Die Rechten rotten sich zusammen

Die große Politik wartet also ab, während rechte (und meines Erachtens auch religiöse) Aktivist*innen aktiv werden; für sexuelle Minderheiten stellen sie eine reale Gefahr dar. Die Rechten sind deutlich besser organisiert als früher, schaffen es, ihre – meist jungen – Anhänger*innen schnell zu mobilisieren und greifen an, wenn es geht. Kein öffentliches LSBTI-Event ist vor ihnen sicher, wenn sie davon erfahren. Wenig überraschend, dass die Rechten auch keine Fans feministischer Veranstaltungen und generell von Veranstaltungen zu Themen wie Gendergerechtigkeit und Gleichberechtigung sind. Die Überfälle haben in erschreckendem Maße zugenommen. Sie betreffen selbst Veranstaltungen, an denen die Polizei beteiligt ist. Im Januar 2018 haben Rechte in Uschhorod und Winnyzja zwei Runde Tische zwischen der Polizei und örtlichen LSBTI-Gruppen gestört. Immerhin: Sechs weitere Runde Tische im Rest des Landes verliefen erfolgreich.

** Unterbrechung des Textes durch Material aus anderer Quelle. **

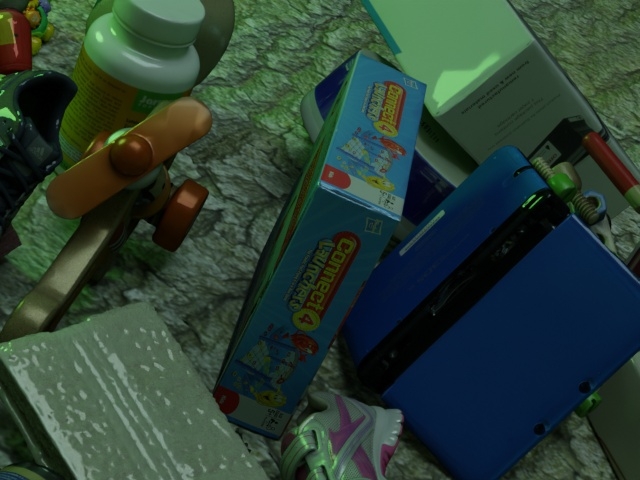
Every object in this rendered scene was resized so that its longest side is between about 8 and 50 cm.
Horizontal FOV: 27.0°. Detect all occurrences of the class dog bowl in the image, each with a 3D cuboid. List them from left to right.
[{"bbox_3d":[0.100,-0.121,1.762,0.265,0.104,0.265,43,20,-20],"label":"dog bowl"}]

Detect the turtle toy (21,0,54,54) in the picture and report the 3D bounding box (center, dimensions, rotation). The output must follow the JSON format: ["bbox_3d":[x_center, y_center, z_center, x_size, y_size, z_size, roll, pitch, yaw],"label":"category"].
[{"bbox_3d":[-0.398,-0.309,1.784,0.095,0.066,0.130,25,32,-4],"label":"turtle toy"}]

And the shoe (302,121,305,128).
[{"bbox_3d":[0.020,-0.155,1.881,0.076,0.058,0.219,17,34,-16],"label":"shoe"}]

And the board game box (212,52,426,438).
[{"bbox_3d":[0.000,0.000,1.419,0.086,0.302,0.308,24,33,-5],"label":"board game box"}]

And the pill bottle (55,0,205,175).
[{"bbox_3d":[-0.222,-0.180,1.561,0.136,0.246,0.136,19,33,-13],"label":"pill bottle"}]

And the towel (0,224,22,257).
[{"bbox_3d":[-0.440,-0.093,1.299,0.237,0.037,0.329,-40,110,-57],"label":"towel"}]

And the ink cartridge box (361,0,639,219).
[{"bbox_3d":[0.262,-0.203,1.869,0.395,0.166,0.285,40,18,-45],"label":"ink cartridge box"}]

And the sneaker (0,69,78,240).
[{"bbox_3d":[-0.326,-0.064,1.313,0.111,0.121,0.300,43,43,-39],"label":"sneaker"}]

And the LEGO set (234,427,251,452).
[{"bbox_3d":[-0.107,0.204,1.319,0.083,0.023,0.054,23,32,-33],"label":"LEGO set"}]

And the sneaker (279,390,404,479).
[{"bbox_3d":[0.008,0.235,1.292,0.111,0.103,0.252,23,24,-5],"label":"sneaker"}]

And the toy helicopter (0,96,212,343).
[{"bbox_3d":[-0.222,-0.013,1.361,0.140,0.235,0.355,31,51,-2],"label":"toy helicopter"}]

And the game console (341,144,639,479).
[{"bbox_3d":[0.190,0.080,1.485,0.173,0.293,0.250,41,12,-23],"label":"game console"}]

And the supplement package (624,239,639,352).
[{"bbox_3d":[0.456,0.085,1.688,0.133,0.244,0.139,9,36,-27],"label":"supplement package"}]

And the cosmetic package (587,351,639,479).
[{"bbox_3d":[0.445,0.280,1.530,0.160,0.113,0.309,12,35,-24],"label":"cosmetic package"}]

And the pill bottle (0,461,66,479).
[{"bbox_3d":[-0.283,0.262,1.007,0.123,0.123,0.219,40,34,19],"label":"pill bottle"}]

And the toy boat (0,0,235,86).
[{"bbox_3d":[-0.268,-0.283,1.690,0.318,0.267,0.148,-5,74,-18],"label":"toy boat"}]

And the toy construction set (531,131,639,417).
[{"bbox_3d":[0.308,0.063,1.585,0.257,0.309,0.237,-11,53,-34],"label":"toy construction set"}]

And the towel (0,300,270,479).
[{"bbox_3d":[-0.163,0.189,1.227,0.187,0.049,0.282,-17,64,-44],"label":"towel"}]

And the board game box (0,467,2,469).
[{"bbox_3d":[-0.368,0.210,1.108,0.126,0.026,0.186,35,33,13],"label":"board game box"}]
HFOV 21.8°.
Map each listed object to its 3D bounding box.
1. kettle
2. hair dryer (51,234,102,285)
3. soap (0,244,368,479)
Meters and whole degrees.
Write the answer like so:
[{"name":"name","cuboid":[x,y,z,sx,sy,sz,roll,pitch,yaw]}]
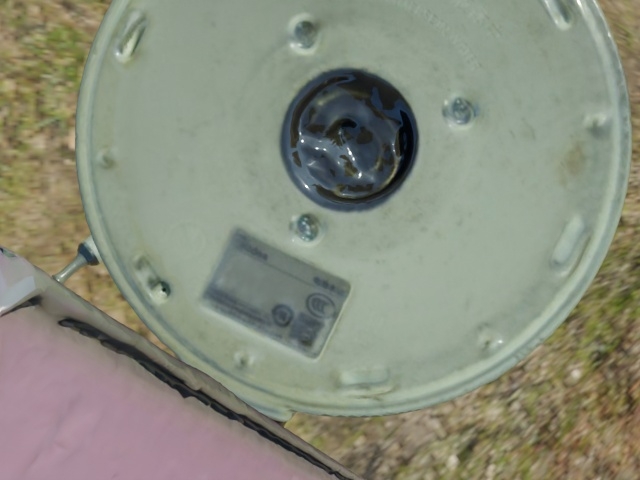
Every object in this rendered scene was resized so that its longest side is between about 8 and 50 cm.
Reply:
[{"name":"kettle","cuboid":[0.000,0.000,0.927,0.250,0.377,0.361,22,92,1]},{"name":"hair dryer","cuboid":[-0.198,-0.019,1.664,0.198,0.100,0.057,-42,45,-14]},{"name":"soap","cuboid":[-0.084,0.113,0.494,0.081,0.259,0.181,27,83,32]}]

Wirklich ernst nimmt die Öffentlichkeit das Thema nicht, insbesondere große Teile der Politik scheinen darin kein großes Problem zu erkennen. Sind die Rechten Gegner? Alliierte? Versuchen sie, vor den Wahlen die Ukraine zu destabilisieren? Einige europäische Diplomat*innen vermuten, Russland trage möglicherweise eine Mitverantwortung für die Umtriebe – durch Anheuern eigene Leute. Offen zitieren lassen wollen sie sich damit aber nicht. Menschenrechtsaktivist*innen jedenfalls wünschen sich eine deutlichere Distanzierung der ukrainischen Politiker*innen von den rechten Umtrieben. Innenminister Arsen Awakow immerhin hat in der Vergangenheit vereinzelt Aktionen rechter Gruppen verurteilt.

Ausblick

Langfristig, so glauben die meisten LSBTI-Aktivist*innen, werde die Öffnung der Ukraine nach Westen die Situation der LSBTI-Community und die Gesellschaft insgesamt zum Positiven verändern – Neonazis hin oder her. Die russische Regierung stehe mit ihrer homophoben Agenda für ein überkommenes Modell, dem die Ukraine nicht nacheifern könne, selbst wenn sich der Westen und Russland wieder annähern würden. Die LSBTI-Community hat mit ihrem Kampf für Menschenrechte einen entscheidenden Beitrag zur positiven Veränderung der ukrainischen Gesellschaft geleistet.